Based on the offer value of 502 pence per Invensys Share, the Offer represents a premium
of approximately:
• 14 per cent. to the closing price per Invensys Share of 440 pence on 11 July 2013
(being the commencement of the Offer Period); and
• 27 per cent. to the volume weighted average closing price per Invensys Share of
396 pence in the three months to 11 July 2013 (being the commencement of the
Offer Period).
• The Schneider Electric Board believes that the transaction will generate significant revenue
synergies of approximately €400 million per annum by 2018 as a result of enlarged
offerings, complementary customer bases and additional scale from the integration of
Invensys with Schneider Electric. The estimated impact on EBITA is approximately €65
million per annum by 2018. In addition, the Schneider Electric Board believes that Schneider
Electric will be able to achieve cost savings of approximately €140 million1
per annum by
2016 derived from structural and administrative cost savings, efficiency gains at country and
regional levels and synergies on procurement and production costs. The Schneider Electric
Board expects the transaction to generate tax savings valued at approximately £400 million
(approximately €0.5 billion including approximately €80 million per annum over the first five
years) consisting mainly of utilising tax credits at Invensys. Integration costs relating to the
transaction are estimated at approximately €150 million2
over 2014 and 2015.3
• The Offer will include a Mix and Match Facility, so that Invensys Shareholders will be able to
elect to vary the proportions of cash and New Schneider Electric Shares they receive,
subject to the elections made by other Invensys Shareholders. The Mix and Match Facility
will not change the total number of New Schneider Electric Shares to be issued by
Schneider Electric or the total cash consideration to be paid pursuant to the Offer.
• Following completion of the Offer, Invensys Shareholders will own approximately 3 per cent.
of the Enlarged Group and will be able to participate in the future growth prospects of the
Enlarged Group.
• The Invensys Directors, who have been so advised by Barclays and J.P. Morgan Cazenove,
consider the terms of the Offer to be fair and reasonable. In providing advice to the Invensys
Directors, Barclays and J.P. Morgan Cazenove have taken into account the commercial
assessments of the Invensys Directors. Barclays is providing independent financial advice
to the Invensys Directors for the purposes of Rule 3 of the Code.

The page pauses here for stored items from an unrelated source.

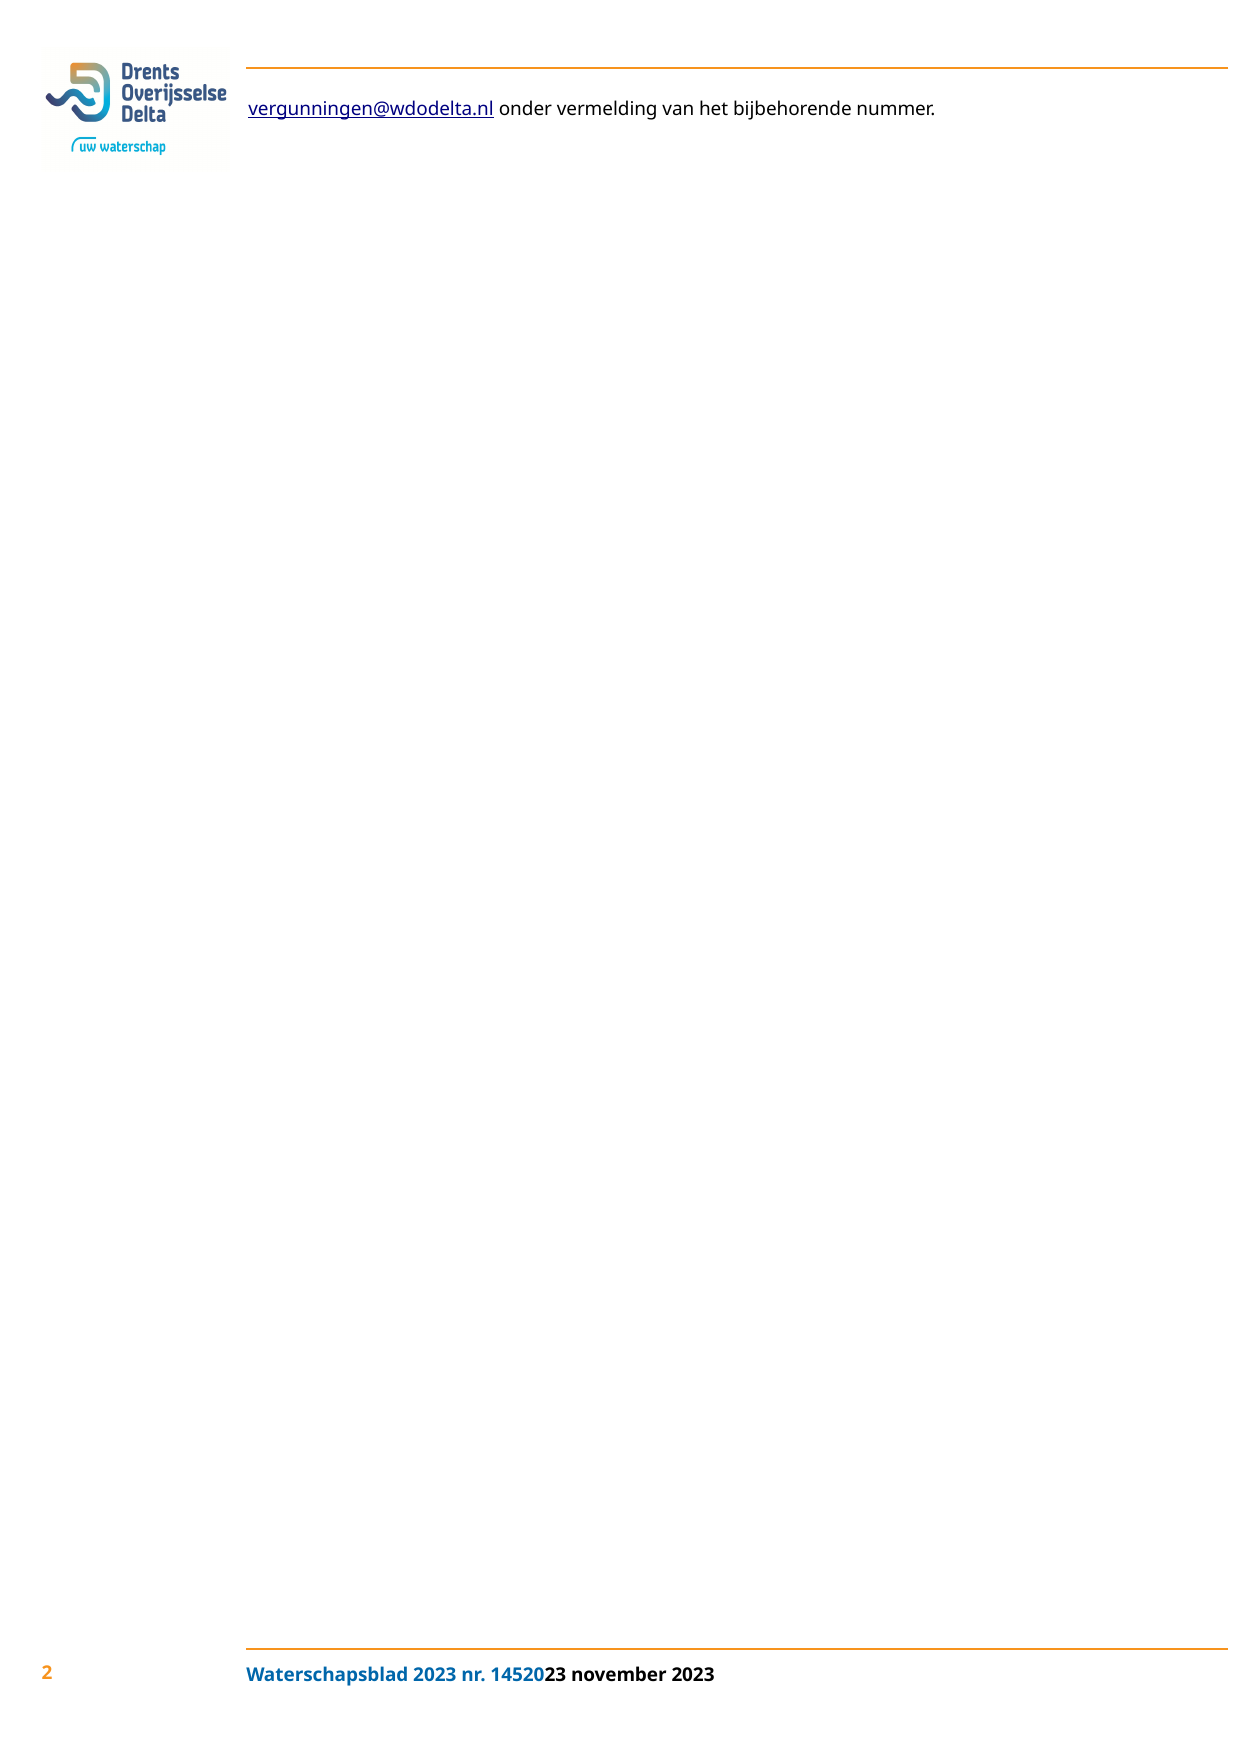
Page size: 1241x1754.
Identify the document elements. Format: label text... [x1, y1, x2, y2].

text vergunningen@wdodelta.nl onder vermelding van het bijbehorende nummer. [248, 95, 1152, 121]
picture [41, 47, 231, 172]
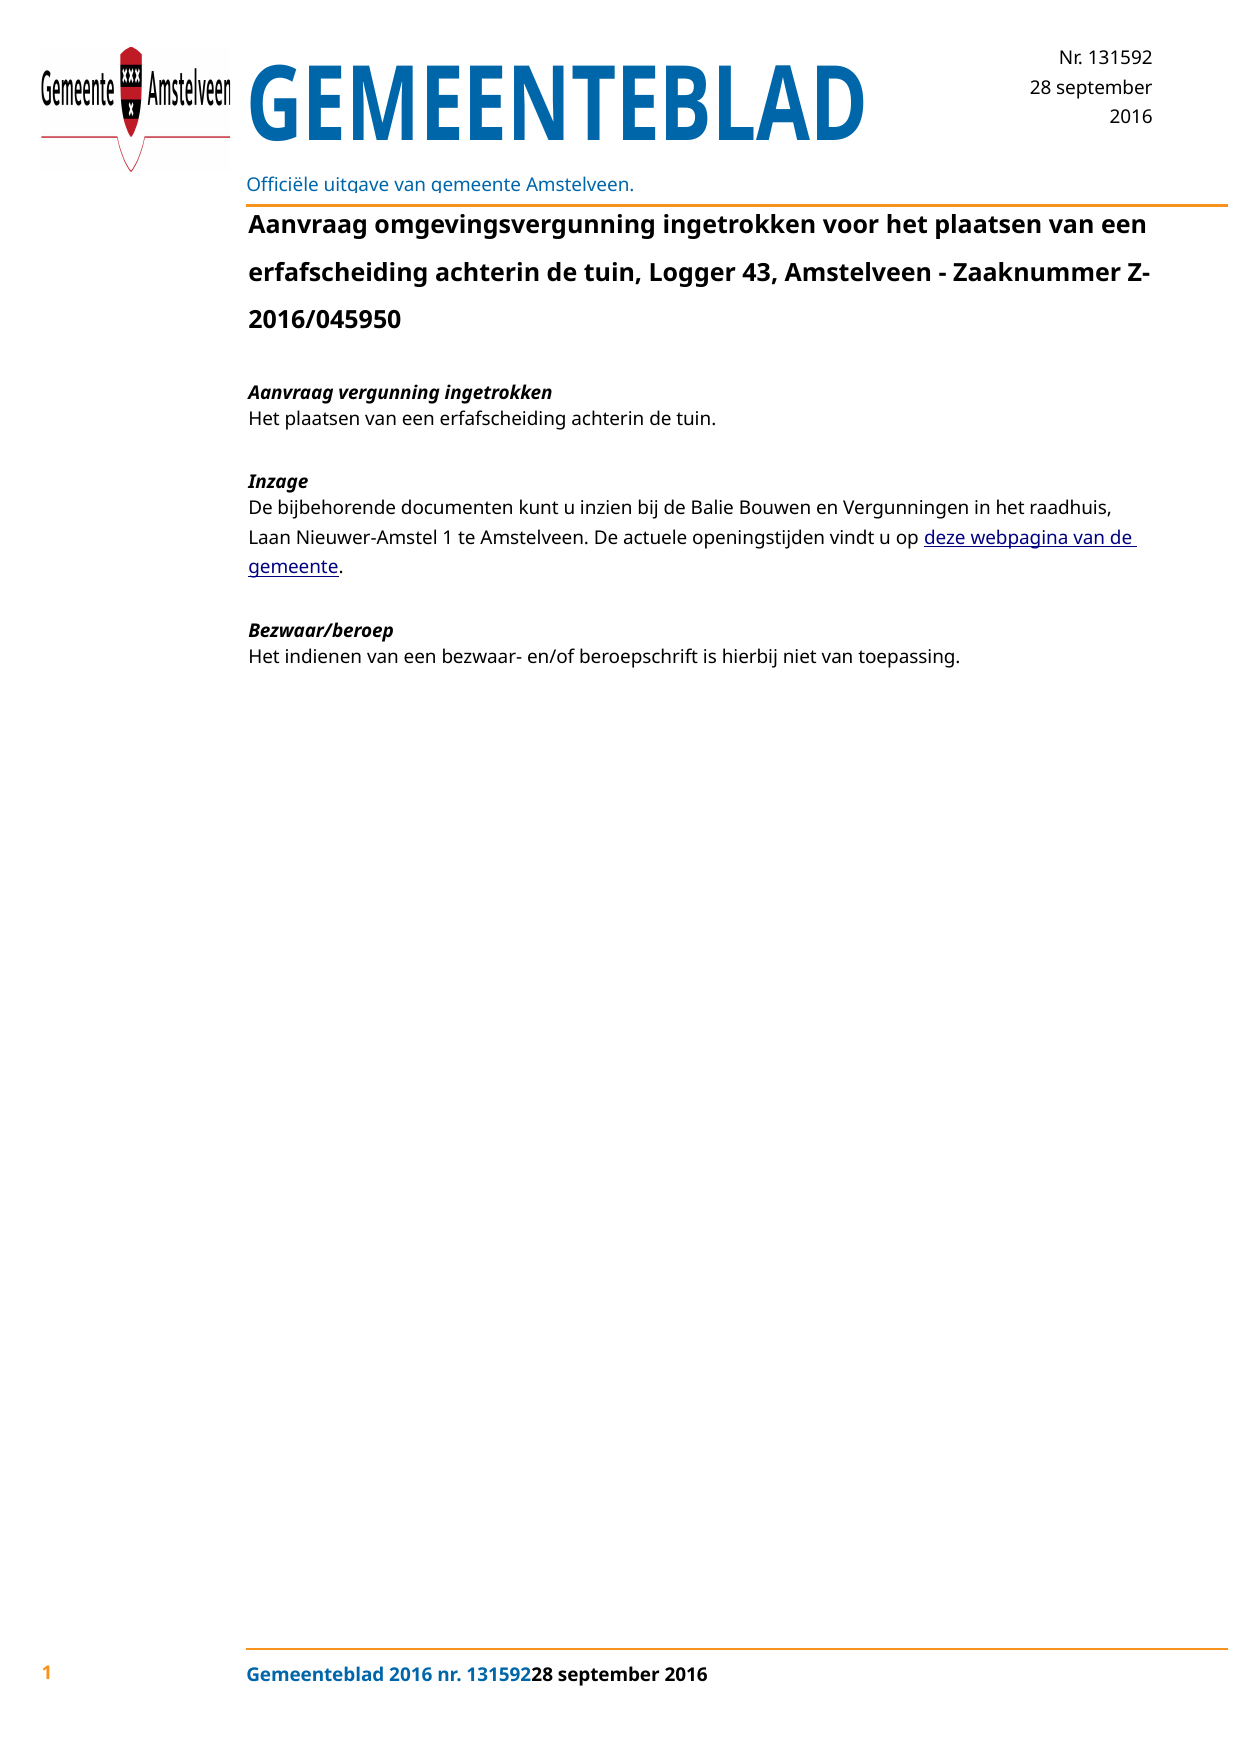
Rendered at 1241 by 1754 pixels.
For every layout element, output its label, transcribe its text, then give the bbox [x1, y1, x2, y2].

text Het plaatsen van een erfafscheiding achterin de tuin. [248, 405, 1152, 431]
text Het indienen van een bezwaar- en/of beroepschrift is hierbij niet van toepassing. [248, 643, 1152, 669]
text Inzage [248, 469, 1152, 494]
text Bezwaar/beroep [248, 618, 1152, 643]
text De bijbehorende documenten kunt u inzien bij de Balie Bouwen en Vergunningen in het raadhuis, Laan Nieuwer-Amstel 1 te Amstelveen. De actuele openingstijden vindt u op deze webpagina van de gemeente. [248, 494, 1152, 579]
text Aanvraag omgevingsvergunning ingetrokken voor het plaatsen van een erfafscheiding achterin de tuin, Logger 43, Amstelveen - Zaaknummer Z-2016/045950 [248, 207, 1152, 336]
picture [41, 47, 231, 172]
text Aanvraag vergunning ingetrokken [248, 379, 1152, 405]

• Accordingly, the Invensys Directors intend unanimously to recommend Invensys
Shareholders to vote in favour of the Scheme at the Court Meeting and the resolution(s) to
be proposed at the General Meeting as the Invensys Directors have irrevocably undertaken
to do in respect of their own beneficial holdings of 761,370 Invensys Shares representing, in
aggregate, approximately 0.11619 per cent. of the ordinary share capital of Invensys in
issue on 30 July 2013 (being the latest practicable date prior to this announcement).
• The Offer will be put to Invensys Shareholders at the Court Meeting and at the General
Meeting. In order to become effective, the Scheme must be approvved by a majority in
number of the Invensys Shareholders voting at the Court Meeting, either in person or by
proxy, representing at least three-quarters in value of the Invensys Shares voted at the
Court Meeting. In addition, special resolutions implementing the Scheme and approving the
related Capital Reduction must be passed by Invensys Shareholders representing at least
three-quarters of votes cast at the General Meeting.
• The Offer is also subject to the Conditions and further terms set out in Appendix I to this
announcement including the sanction of the Scheme by the Court, the satisfaction of certain
regulatory conditions (including anti-trust clearances in the EU, the US, Brazil, Canada and
China and CFIUS clearance in the US), the Pensions Condition and admission to trading of
the New Schneider Electric Shares on Euronext Paris (Compartiment A).
The Scheme Document, containing further information about the Offer and notices
convening the Court Meeting and the General Meeting, will be published as soon as
practicable and will be made available by Schneider Electric on its website at
www.schneider-electric.com and by Invensys on its website at www.invensys.com.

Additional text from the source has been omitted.